17. Hukuk Dairesi 2014/14286 E. , 2015/11704 K.
"İçtihat Metni"MAHKEMESİ :Asliye Hukuk Mahkemesi
Taraflar arasındaki tazminat davasının yapılan yargılaması sonunda; kararda yazılı nedenlerden dolayı davanın kabulüne dair verilen hükmün süresi içinde davalı vekili tarafından temyiz edilmesi üzerine dosya incelendi, gereği düşünüldü:
-K A R A R-
Davacı vekili; davalıya konut sigorta poliçesiyle sigortalı bulunan dairenin yaşanan sel felaketinde zarar gördüğünü, belediye encümen kararıyla binanın kullanımının sakıncalı olduğunun belirlendiğini, binanın kat maliklerinin güçlendirme çalışmalarına yanaşmadıklarını, davalının yapının değerinde %50 oranında eskime payı ile %2 poliçe muafiyet tutarı düşüldükten sonra 17.446,38 TL ödemeyi teklif ettiğini, ancak binanın pert olması sebebiyle poliçe bedelinin tamamının ödenmesi gerektiğini belirterek fazlaya ilişkin hakları saklı kalmak kaydıyla 30.000,00 TL hasar bedelinin reeskont faiziyle birlikte tahsilini talep etmiştir.
Davalı vekili; davacının sözleşme sırasında konuttaki ayıpları gizleyerek değerini fazla belirttiğini, dürüstlük kuralına uymadığını, davalının cayma hakkı olmasına rağmen bu hakkını kullanmadığını, evin gerçek değeri olan 17.446,38 TL"yi ödemeyi kabul ettiğini, aşkın sigortanın olduğunu, yapının ekonomik ömrünü doldurduğunu, sigorta teminatı altına alınmasının mümkün olmadığını belirterek davanın reddini talep etmiştir.

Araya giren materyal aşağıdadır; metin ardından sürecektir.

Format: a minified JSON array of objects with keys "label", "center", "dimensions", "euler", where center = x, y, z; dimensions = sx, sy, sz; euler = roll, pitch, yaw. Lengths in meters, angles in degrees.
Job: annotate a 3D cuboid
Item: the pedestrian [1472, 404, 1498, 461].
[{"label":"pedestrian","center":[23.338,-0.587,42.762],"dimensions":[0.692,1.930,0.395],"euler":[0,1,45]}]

Mahkemece; bozma ilamına uyularak, iddia, savunma, toplanan delillere ve benimsenen bilirkişi raporuna göre; davanın kabulü ile 30.000,00 TL"nin dava tarihinden itibaren işleyecek avans faiziyle birlikte davalıdan tahsiline karar verilmiş; hüküm, davalı vekili tarafından temyiz edilmiştir.

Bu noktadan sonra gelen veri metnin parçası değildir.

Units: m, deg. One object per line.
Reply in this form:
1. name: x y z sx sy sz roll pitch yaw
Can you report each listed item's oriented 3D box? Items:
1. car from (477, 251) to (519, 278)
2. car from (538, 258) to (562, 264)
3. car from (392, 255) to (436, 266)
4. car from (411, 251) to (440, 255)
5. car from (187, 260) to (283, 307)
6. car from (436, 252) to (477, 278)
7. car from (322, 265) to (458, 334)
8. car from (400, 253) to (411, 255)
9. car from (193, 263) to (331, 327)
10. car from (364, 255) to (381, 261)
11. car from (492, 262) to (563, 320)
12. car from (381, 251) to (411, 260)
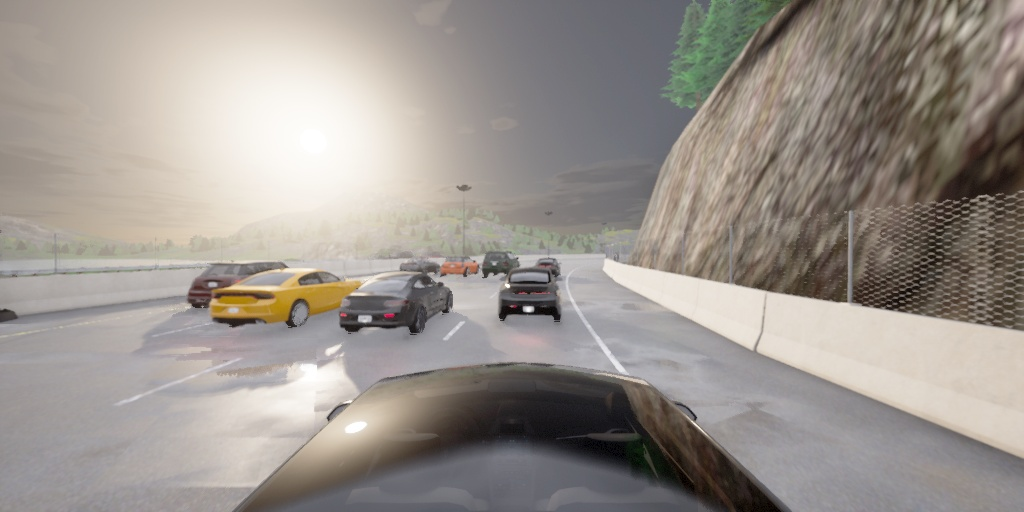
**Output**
1. car: -0.782 0.637 28.368 2.150 2.045 5.566 0 1 10
2. car: 2.933 0.913 29.118 1.837 1.490 4.892 0 1 11
3. car: -7.583 0.885 29.955 2.128 1.511 4.902 0 1 10
4. car: -12.517 0.307 54.470 2.150 2.045 5.566 0 1 18
5. car: -9.720 0.945 13.992 2.097 1.767 4.553 0 1 5
6. car: -4.133 0.755 29.344 2.097 1.767 4.553 0 1 10
7. car: -3.033 1.169 10.119 1.812 1.442 4.674 0 1 4
8. car: -15.216 0.594 57.459 2.033 1.411 5.357 0 1 18
9. car: -6.472 1.108 11.042 1.882 1.535 5.008 0 1 4
10. car: -22.092 0.518 58.864 2.128 1.511 4.902 0 1 18
11. car: 0.630 1.128 12.017 1.837 1.490 4.892 0 1 4
12. car: -18.425 0.248 58.831 2.150 2.045 5.566 0 1 18
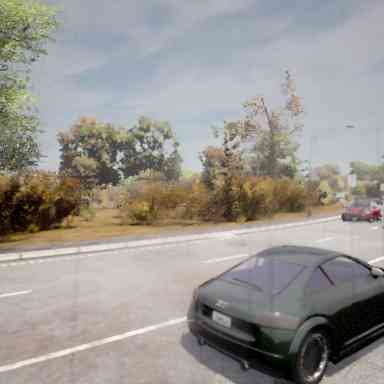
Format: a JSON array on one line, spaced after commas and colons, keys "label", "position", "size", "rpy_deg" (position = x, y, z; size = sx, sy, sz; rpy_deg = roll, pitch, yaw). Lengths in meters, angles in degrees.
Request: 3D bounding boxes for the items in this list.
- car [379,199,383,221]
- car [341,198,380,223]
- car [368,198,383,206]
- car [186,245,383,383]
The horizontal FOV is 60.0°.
[{"label": "car", "position": [14.338, 1.450, 22.099], "size": [2.097, 1.767, 4.553], "rpy_deg": [0, 0, 41]}, {"label": "car", "position": [13.545, 1.463, 26.502], "size": [2.097, 1.767, 4.553], "rpy_deg": [0, 0, 40]}, {"label": "car", "position": [33.896, 1.770, 61.353], "size": [1.994, 1.385, 4.181], "rpy_deg": [0, 0, 20]}, {"label": "car", "position": [1.970, 1.591, 5.454], "size": [4.181, 1.385, 1.994], "rpy_deg": [0, 0, -37]}]

1-Dosya içerisindeki bilgi ve belgelere, mahkeme kararının gerekçesinde dayanılan delillerin tartışılıp, değerlendirilmesinde usul ve yasaya aykırı bir yön bulunmamasına göre, davalı vekilinin aşağıdaki bentlerin kapsamı dışında kalan sair temyiz itirazlarının reddi gerekmiştir.
2-Dava, konut sigorta poliçesinden kaynaklanan maddi tazminat istemine ilişkindir.
Dava konusu poliçenin tanzim edildiği tarih itibariyle yürürlükte bulunan değişiklikten önceki Yangın Sigortası Genel Şartları"nın B.5.1.5 maddesinde “Binalarda, rizikonun gerçekleştiği yer ve tarihte piyasa rayiçlerine göre bulunan yeni inşa bedelinin esas tutulacağı, ancak bu bedelden, eskime, yıpranma ve başka sebeplerden ileri gelen kıymet eksilmelerinin indirileceği, bina yeniden inşa edilmeyecekse, tazmin kıymetinin, binanın rizikonun gerçekleşmesinden bir gün önceki alım-satım değerinden arsa kıymeti düşülmek suretiyle bulunacağı” hüküm altına alınmıştır.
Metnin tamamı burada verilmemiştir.